== Segment start ==
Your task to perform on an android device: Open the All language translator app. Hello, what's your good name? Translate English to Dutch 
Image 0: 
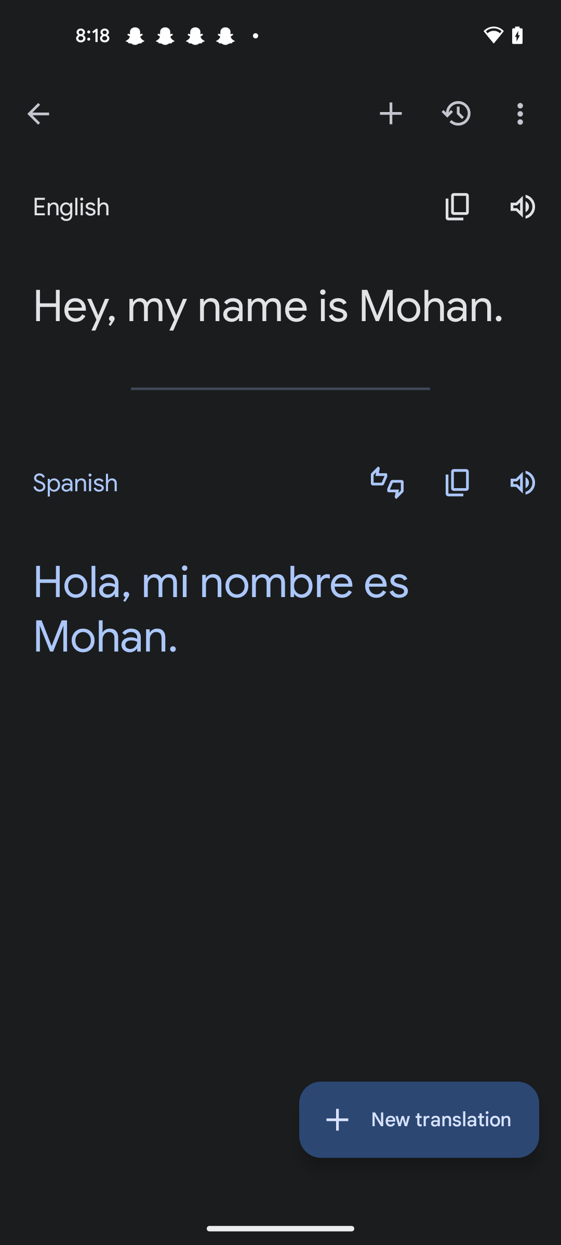
open  All language translator app
Step 0: open app "All Languages Translator"
Image 1: 
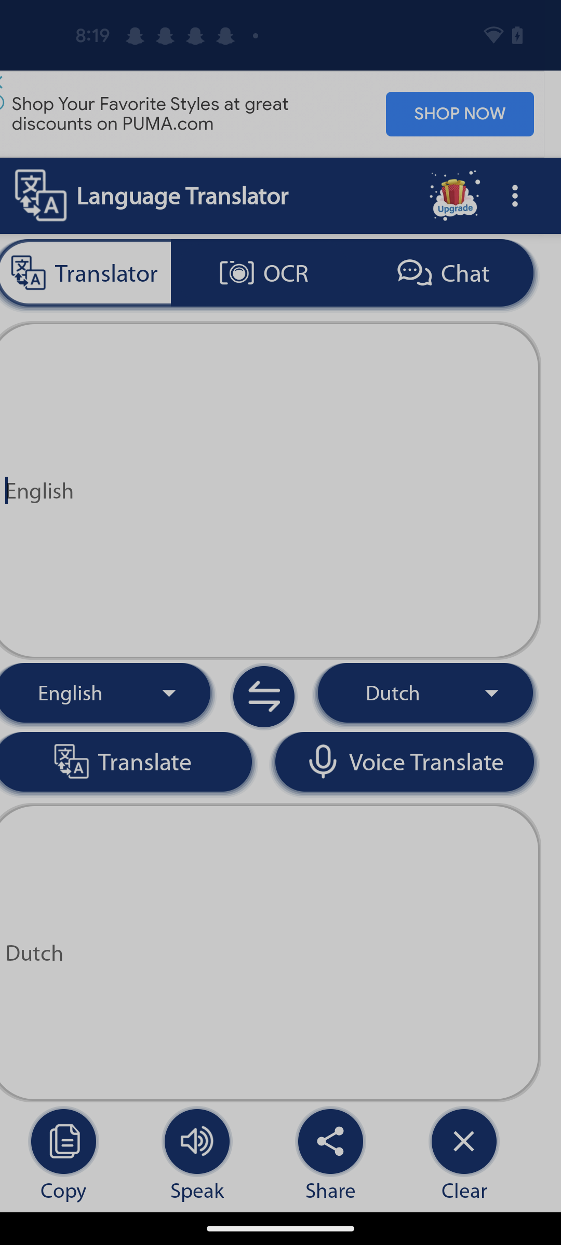
open  All language translator app
Step 1: wait
Image 2: 
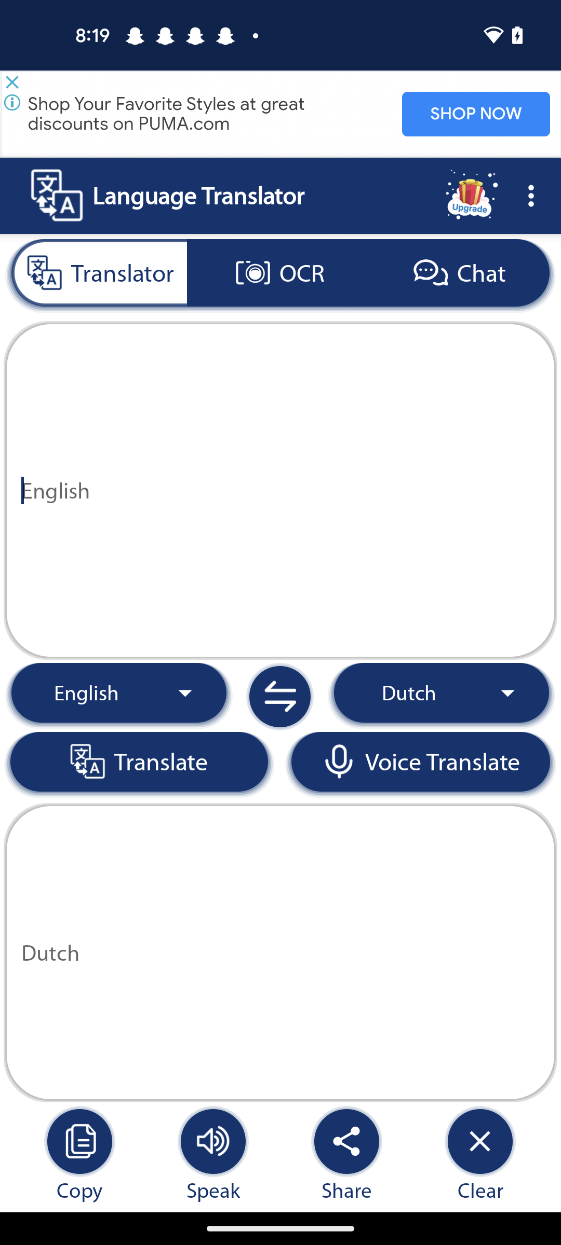
Click on the text bar 
Step 2: click (280, 490)
Image 3: 
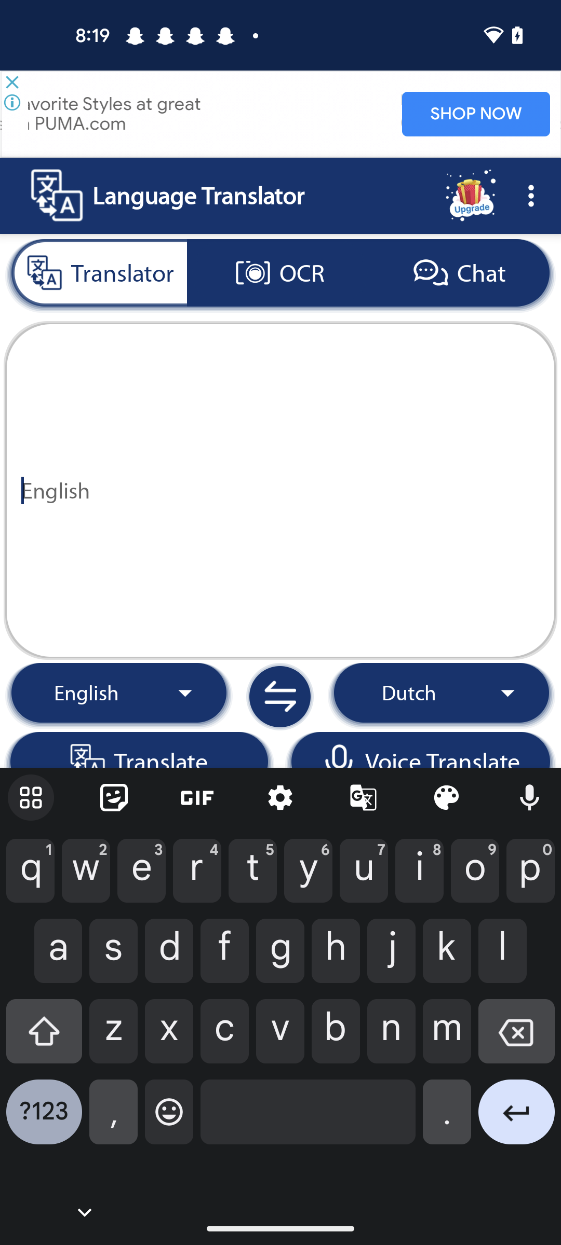
Enter a translate Hello, what's your good name
Step 3: type "Hello, what's your good name"
Image 4: 
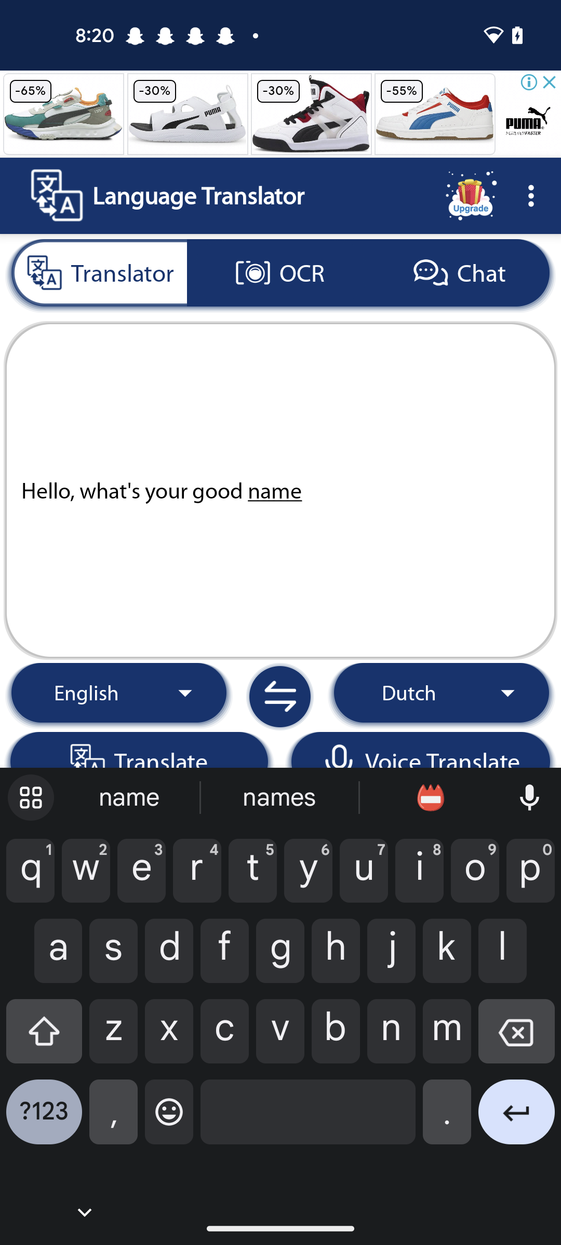
Click on the enter icon 
Step 4: click (516, 1119)
Image 5: 
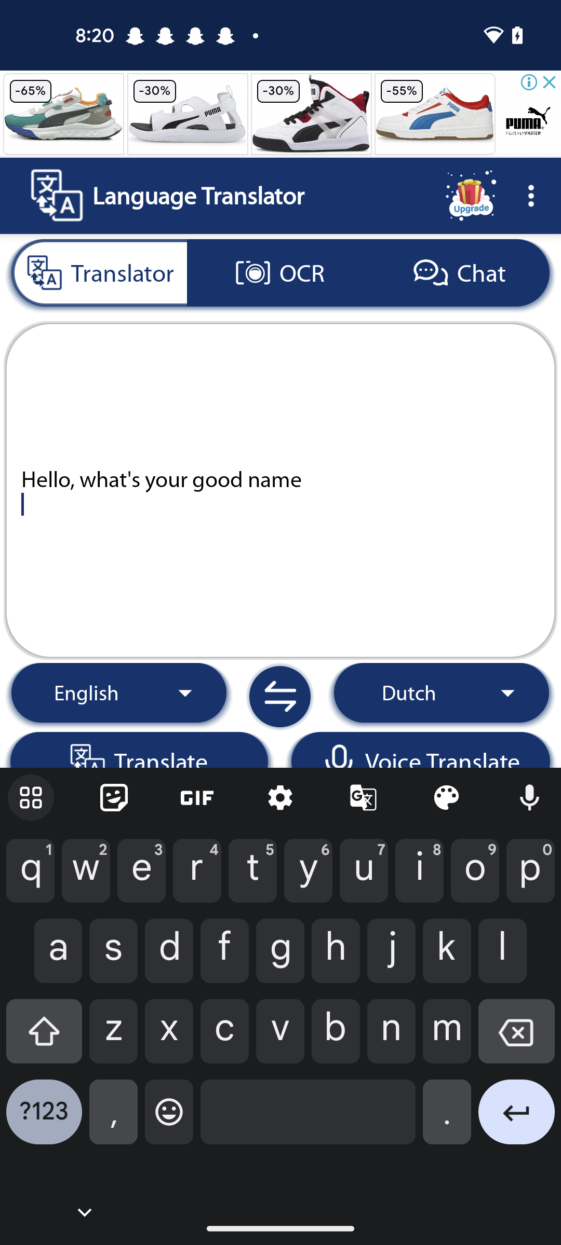
Click on the back button 
Step 5: click (84, 1212)
Image 6: 
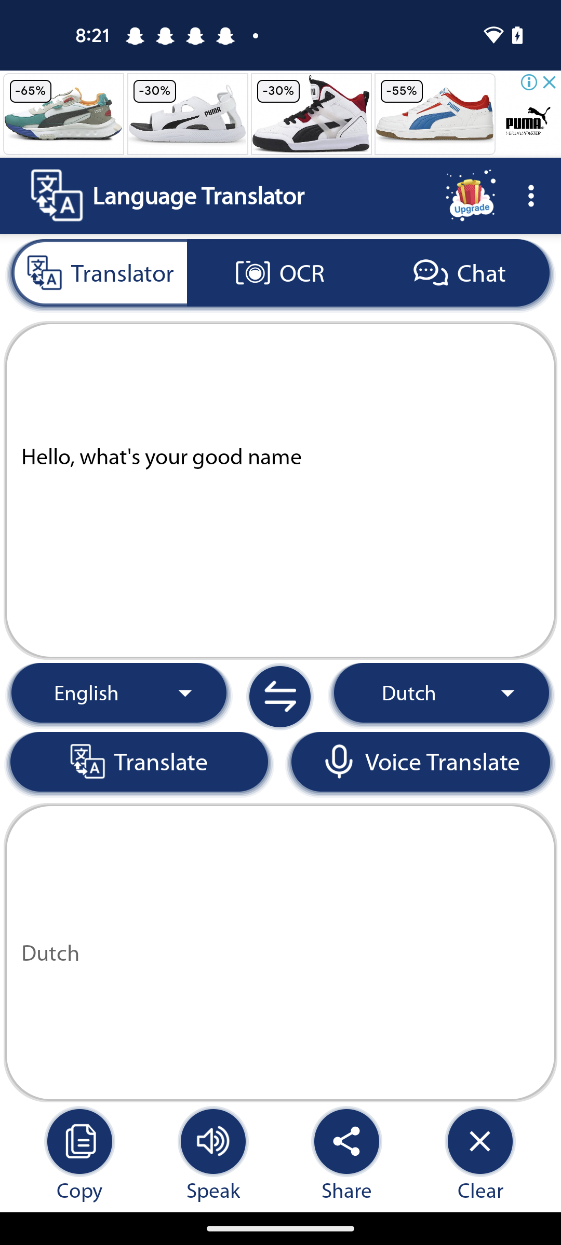
Click on the back button 
Step 6: wait
== Segment end ==
Starting with the line that contains "Enter a translate", reproduce every line down to the end of the listing above, both endpoints included. Pictures stay out.

- [Solution to this problem]:
Enter a translate Hello, what's your good name
Step 3: type "Hello, what's your good name"
Image 4: 
Click on the enter icon 
Step 4: click (516, 1119)
Image 5: 
Click on the back button 
Step 5: click (84, 1212)
Image 6: 
Click on the back button 
Step 6: wait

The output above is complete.